London Cycle-Hire Analytics Platform
Answers one question well: when London's transport is disrupted, how much extra demand lands on the bikes, and where? A 41.4M-journey PySpark backfill unified across five drifting schema eras, a tested dbt star schema, a LightGBM station-level forecast, and a free always-on live layer refreshed daily by GitHub Actions into committed Parquet — no warehouse to keep alive. Headline: strike days run 1.2×–2.6× normal cycling demand.
- Python
- PySpark
- dbt
- DuckDB
- Parquet
- Snowflake
- LightGBM
- MLflow
- Streamlit
- GitHub Actions
The problem
Transport for London publishes every cycle-hire journey since 2012 — roughly 189M trips across 482 files, with schemas that drift wildly between years. Nobody can answer "what does a tube strike actually do to bike demand, per station?" from the raw archive. This platform unifies it into a clean, tested analytical layer and answers exactly that.
What I built
- A Spark-scale backfill — 41.4M journeys (2022–2026) unified across five distinct file schemas (columns renamed, dropped, and re-ordered between eras), with per-file reconciliation proving no rows are silently lost.

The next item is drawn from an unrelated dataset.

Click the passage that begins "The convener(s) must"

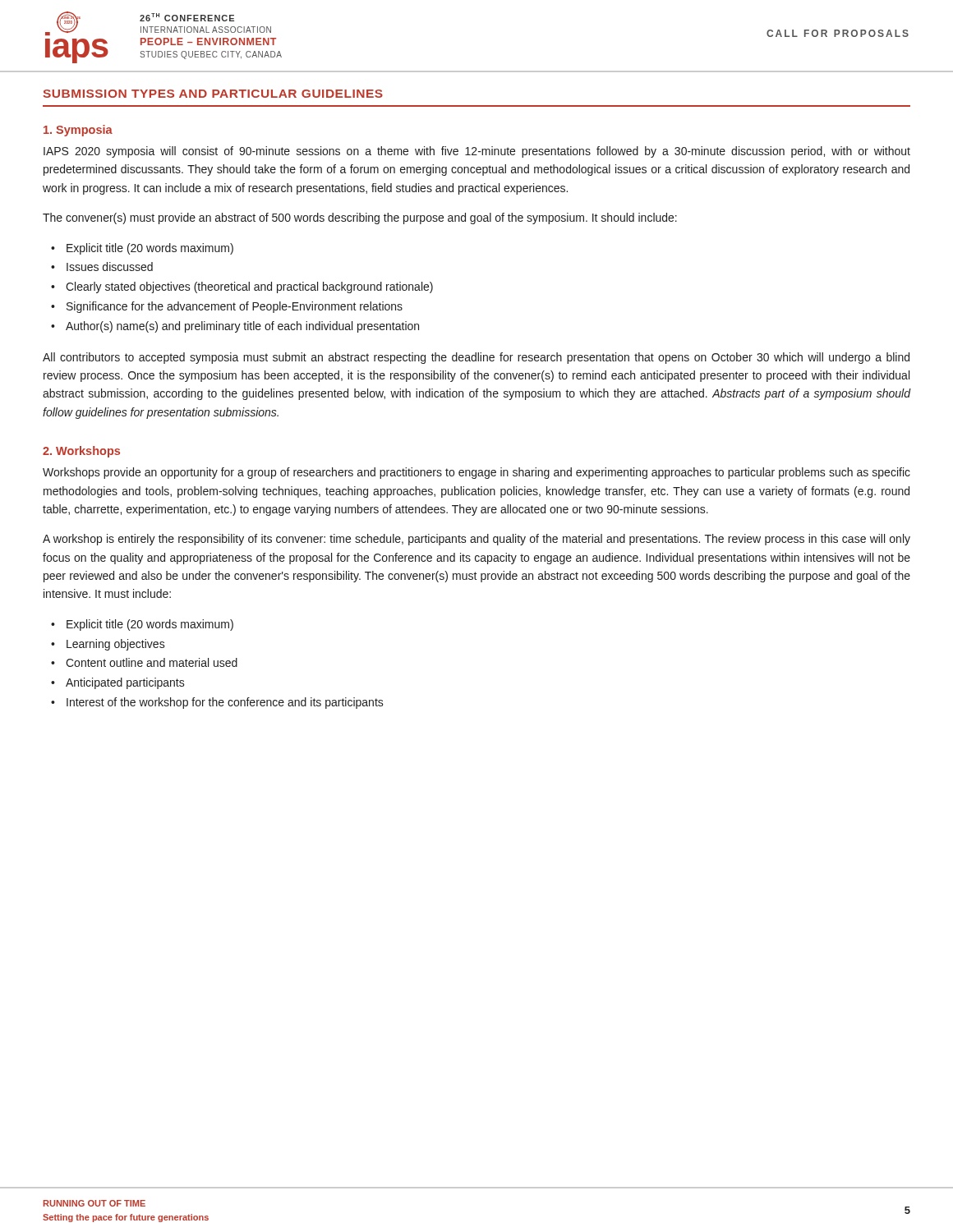pyautogui.click(x=360, y=218)

- A tested dimensional model — a dbt star schema (
fact_journey,dim_station,dim_date) with 53 data tests, including cross-era station-identity conforming. - Disruption intelligence — a weather-adjusted baseline isolates the strike effect (disruption days run 1.33× median demand, 1.2×–2.6× across events), so ordinary weather is never mistaken for the strike.
- A learned forecast, not just a median — a LightGBM model predicts station-level daily demand and, by predicting with the disruption flag off, supplies a counterfactual "normal" baseline ~21% more accurate than the median it replaces (held-out 2026, tracked in MLflow).

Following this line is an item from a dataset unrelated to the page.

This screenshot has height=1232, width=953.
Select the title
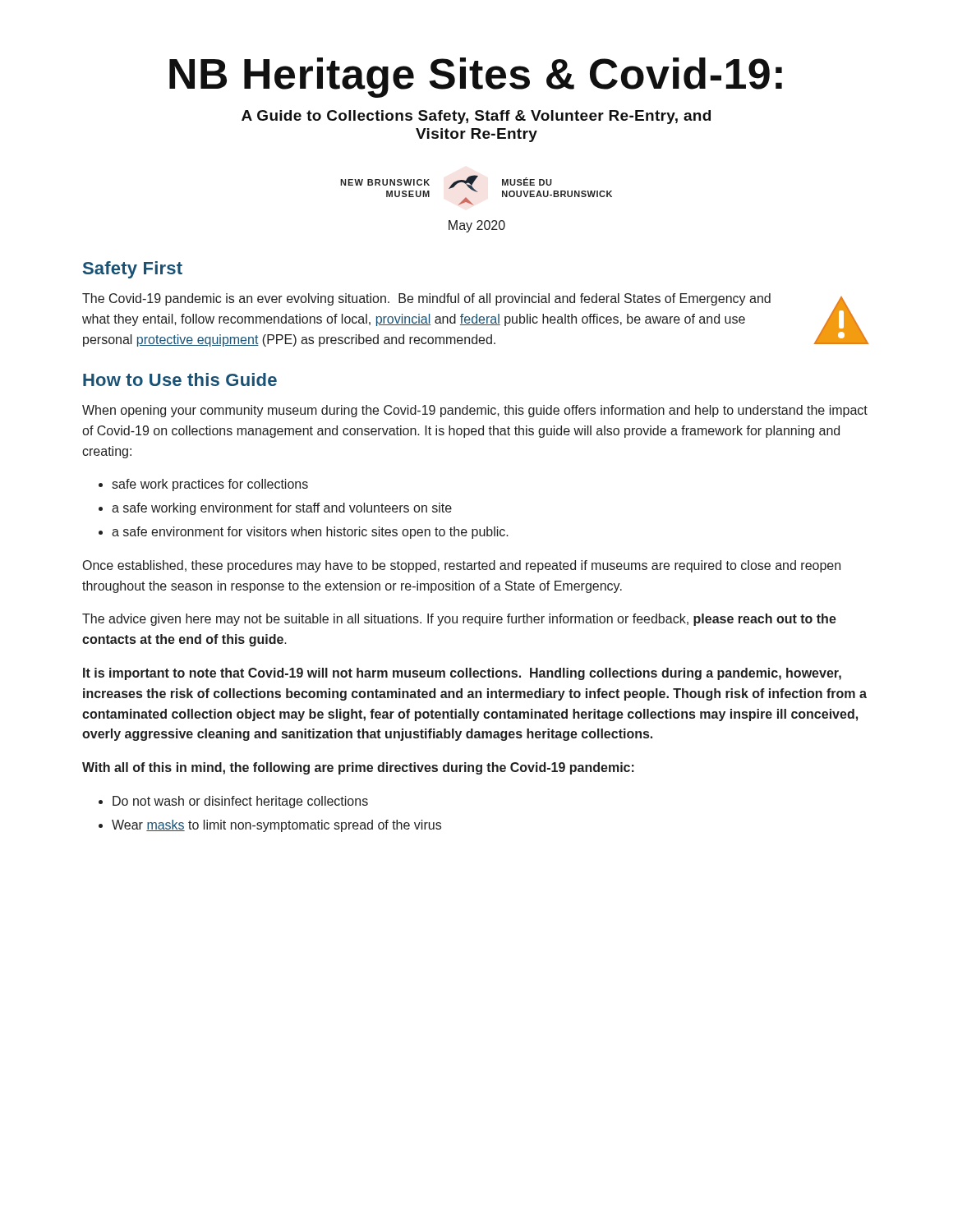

- A live, durable runtime — a daily GitHub Actions job refreshes line status and dock occupancy into committed Parquet; the app reads it via DuckDB. No warehouse, no server, nothing to keep paying for.

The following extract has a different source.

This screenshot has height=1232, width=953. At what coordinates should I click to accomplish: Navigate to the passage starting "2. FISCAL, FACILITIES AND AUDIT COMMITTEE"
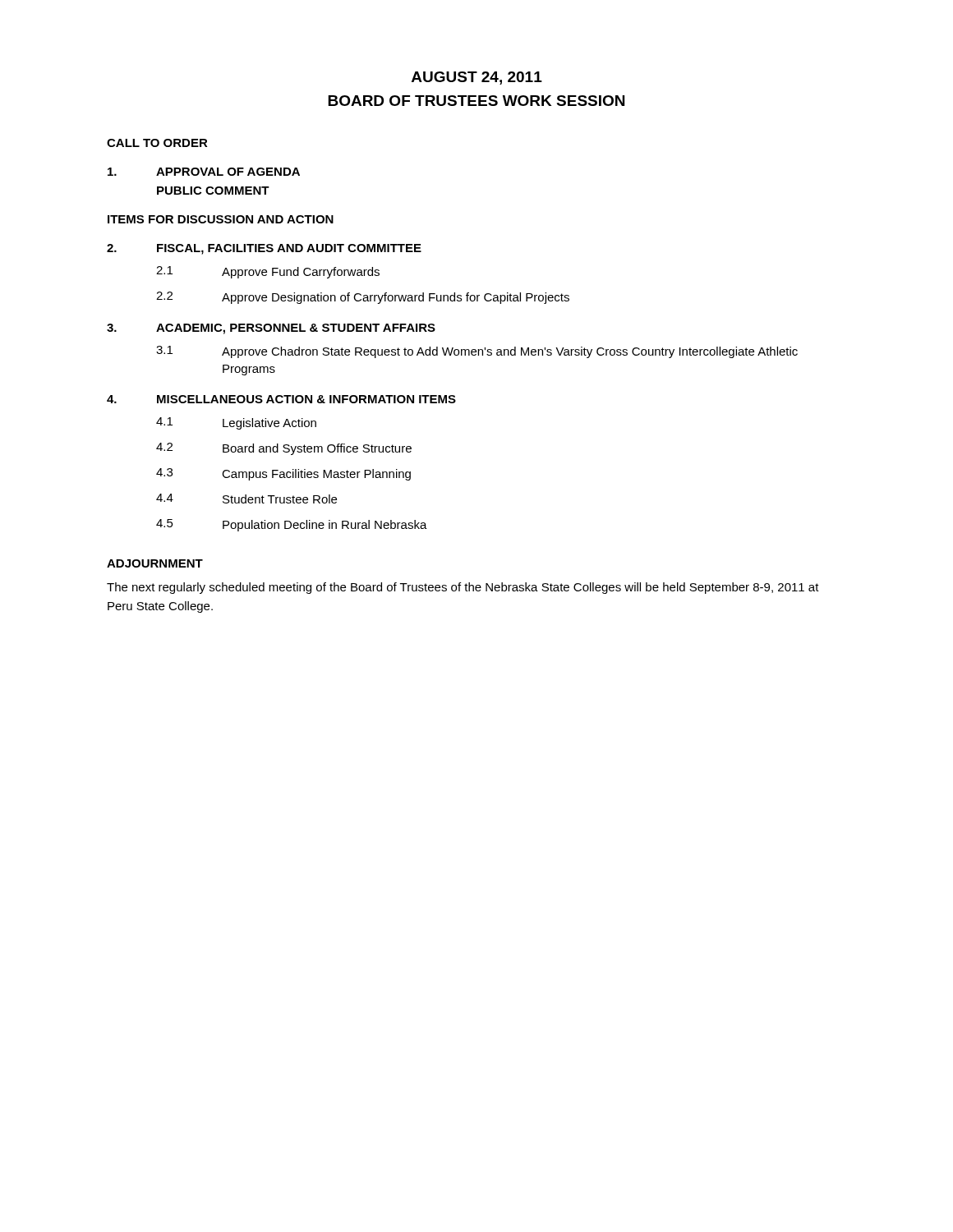(264, 248)

- Ask it in English — an in-app assistant with keyless exact "quick answers" plus an optional bring-your-own-key Claude chat over curated, read-only tools.
The Spark ↔ Python boundary
The right tool for each job, documented as an ADR: Spark for the multi-era historical backfill where schema drift and volume justify it; plain Python for the kilobyte-sized daily API pulls where Spark would be theatre. Knowing when not to use the big tool is the point.
Honest limits
TfL publishes journey data in bulk with a ~1–2 month lag, so the workflow deliberately separates historical quantification from live monitoring — it never claims real-time trip prediction (recorded as an ADR). The live demo runs on Streamlit's free tier and can take ~30s to wake.